[Source records — start]

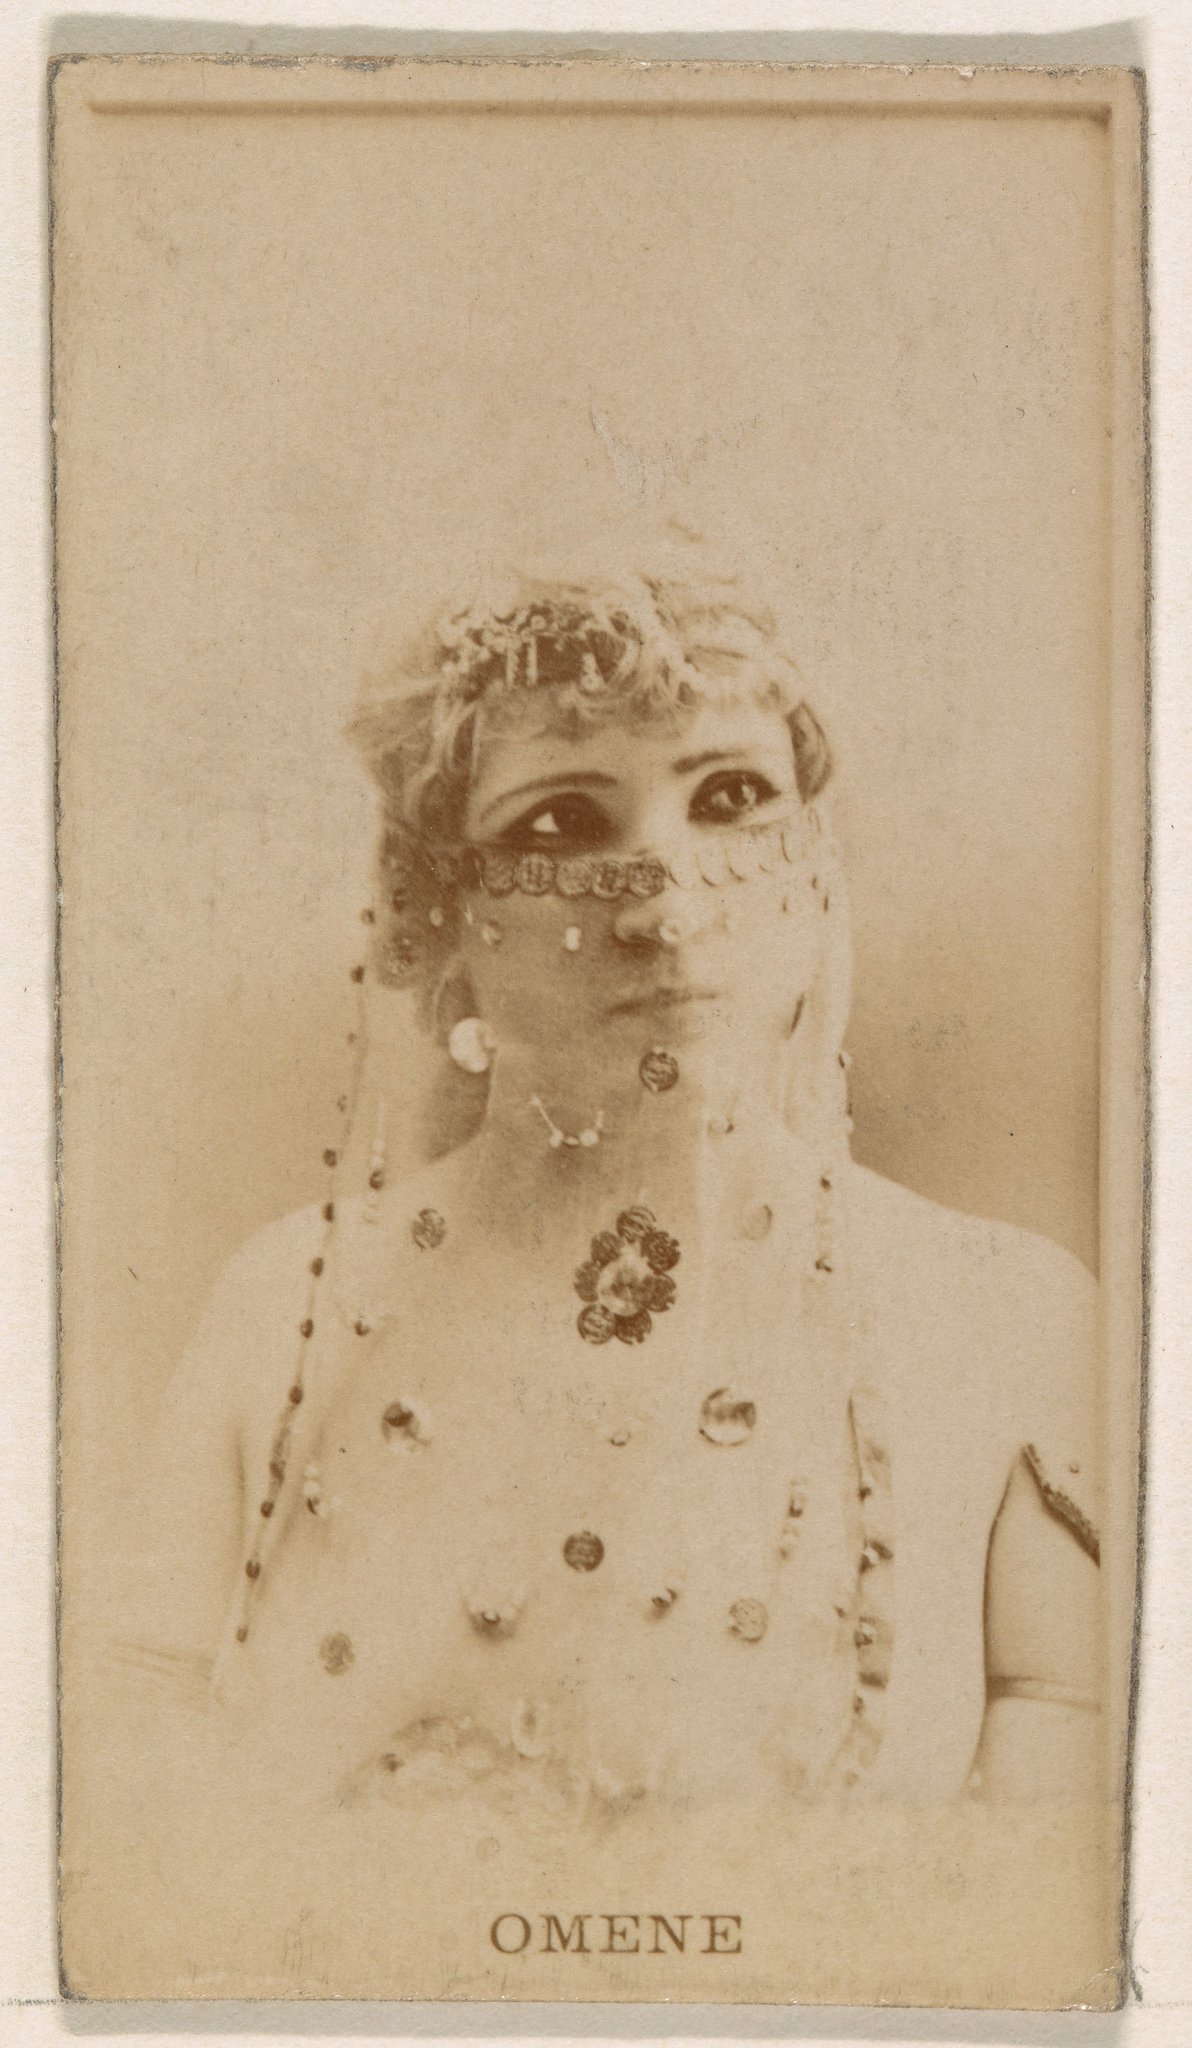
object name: photograph
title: Omene, from the Actresses series (N245) issued by Kinney Brothers to promote Sweet Caporal Cigarettes
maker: kinney brothers tobacco company
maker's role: publisher
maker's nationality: american
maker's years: 1869-2011
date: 1890
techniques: albumen silver print
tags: portraits,women,actresses
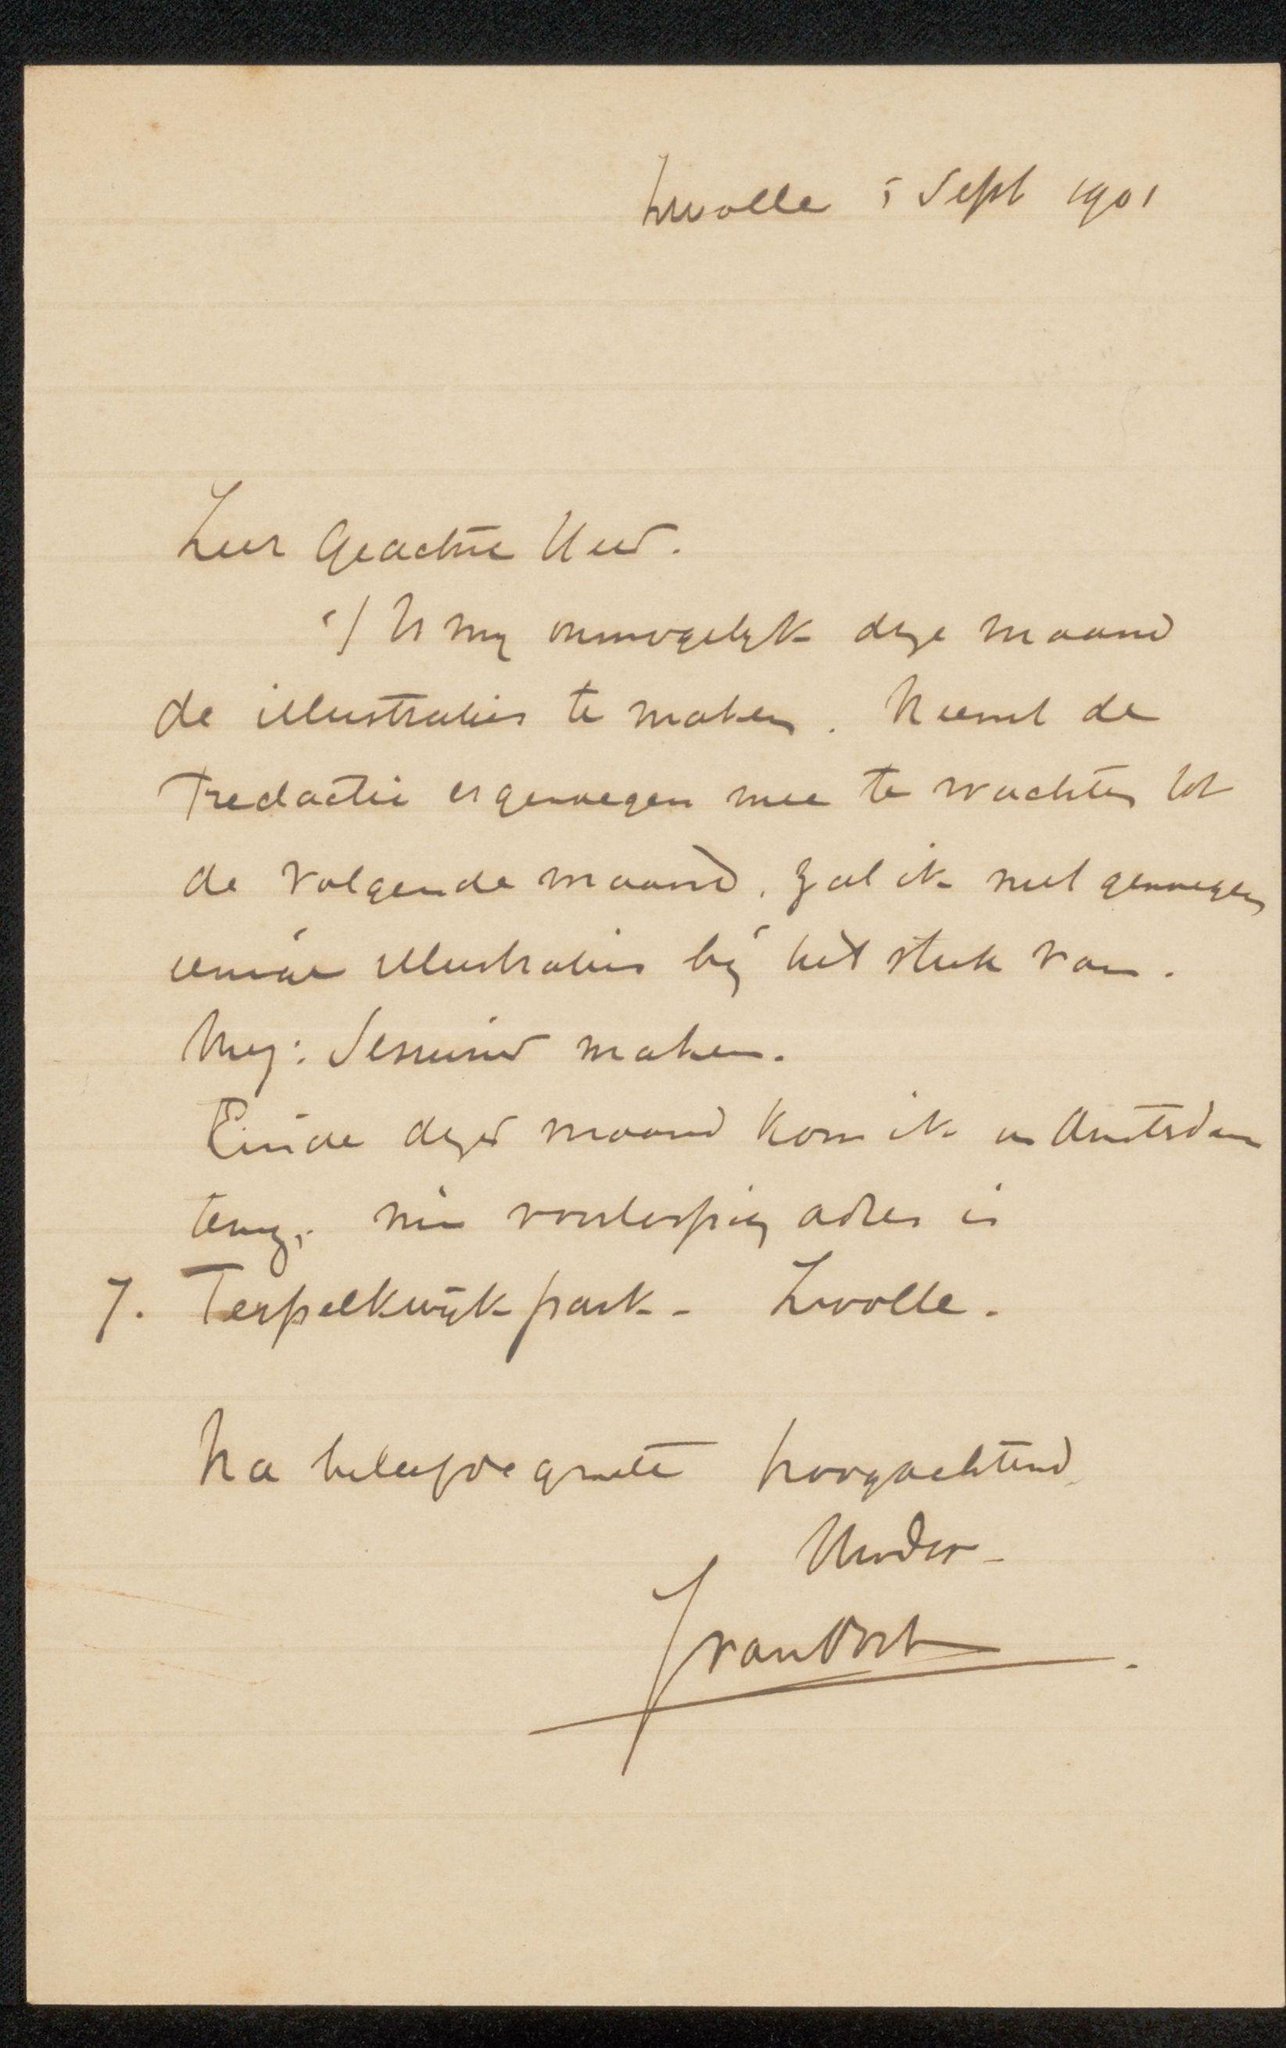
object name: letter
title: Brief aan Philip Zilcken
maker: jan van oort
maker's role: draughtsman
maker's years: 1867-1938
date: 1901
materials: ink
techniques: pen, writing
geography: zwolle
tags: liège, antwerp, the hague, draughtsman, philip zilcken, illustration ~ printed matter, book
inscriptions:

[Source records — finish]

> **Instructions to follow**:
Would you copy all of the data exactly? Keep the pictures out of it.

> **Output**:
object name: photograph
title: Omene, from the Actresses series (N245) issued by Kinney Brothers to promote Sweet Caporal Cigarettes
maker: kinney brothers tobacco company
maker's role: publisher
maker's nationality: american
maker's years: 1869-2011
date: 1890
techniques: albumen silver print
tags: portraits,women,actresses
object name: letter
title: Brief aan Philip Zilcken
maker: jan van oort
maker's role: draughtsman
maker's years: 1867-1938
date: 1901
materials: ink
techniques: pen, writing
geography: zwolle
tags: liège, antwerp, the hague, draughtsman, philip zilcken, illustration ~ printed matter, book
inscriptions:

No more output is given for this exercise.